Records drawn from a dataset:

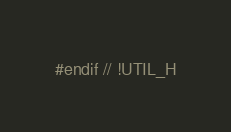<code> <loc_0><loc_0><loc_500><loc_500><_C_>

#endif // !UTIL_H
</code> 
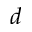Convert formula to latex. <formula><loc_0><loc_0><loc_500><loc_500>d</formula> 
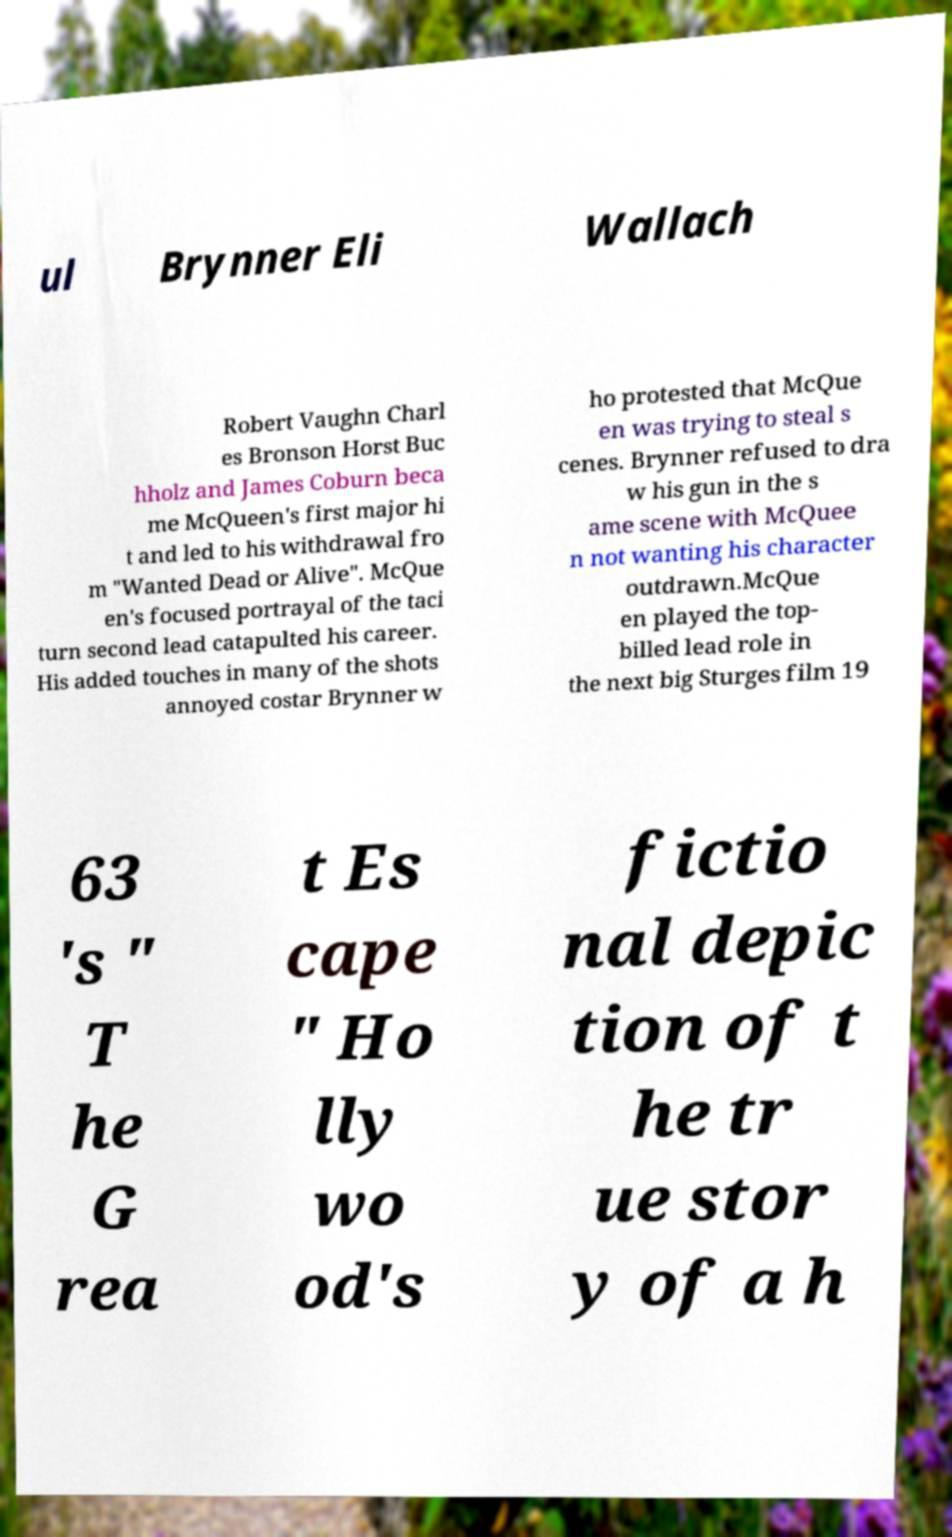Can you read and provide the text displayed in the image?This photo seems to have some interesting text. Can you extract and type it out for me? ul Brynner Eli Wallach Robert Vaughn Charl es Bronson Horst Buc hholz and James Coburn beca me McQueen's first major hi t and led to his withdrawal fro m "Wanted Dead or Alive". McQue en's focused portrayal of the taci turn second lead catapulted his career. His added touches in many of the shots annoyed costar Brynner w ho protested that McQue en was trying to steal s cenes. Brynner refused to dra w his gun in the s ame scene with McQuee n not wanting his character outdrawn.McQue en played the top- billed lead role in the next big Sturges film 19 63 's " T he G rea t Es cape " Ho lly wo od's fictio nal depic tion of t he tr ue stor y of a h

**WHAT THE TASK ASKS**
What you return must match the records exactly, apart from the images, which are omitted.

**TASK SOLUTION**
<code> <loc_0><loc_0><loc_500><loc_500><_C_>

#endif // !UTIL_H
</code> 
Convert formula to latex. <formula><loc_0><loc_0><loc_500><loc_500>d</formula> 
Can you read and provide the text displayed in the image?This photo seems to have some interesting text. Can you extract and type it out for me? ul Brynner Eli Wallach Robert Vaughn Charl es Bronson Horst Buc hholz and James Coburn beca me McQueen's first major hi t and led to his withdrawal fro m "Wanted Dead or Alive". McQue en's focused portrayal of the taci turn second lead catapulted his career. His added touches in many of the shots annoyed costar Brynner w ho protested that McQue en was trying to steal s cenes. Brynner refused to dra w his gun in the s ame scene with McQuee n not wanting his character outdrawn.McQue en played the top- billed lead role in the next big Sturges film 19 63 's " T he G rea t Es cape " Ho lly wo od's fictio nal depic tion of t he tr ue stor y of a h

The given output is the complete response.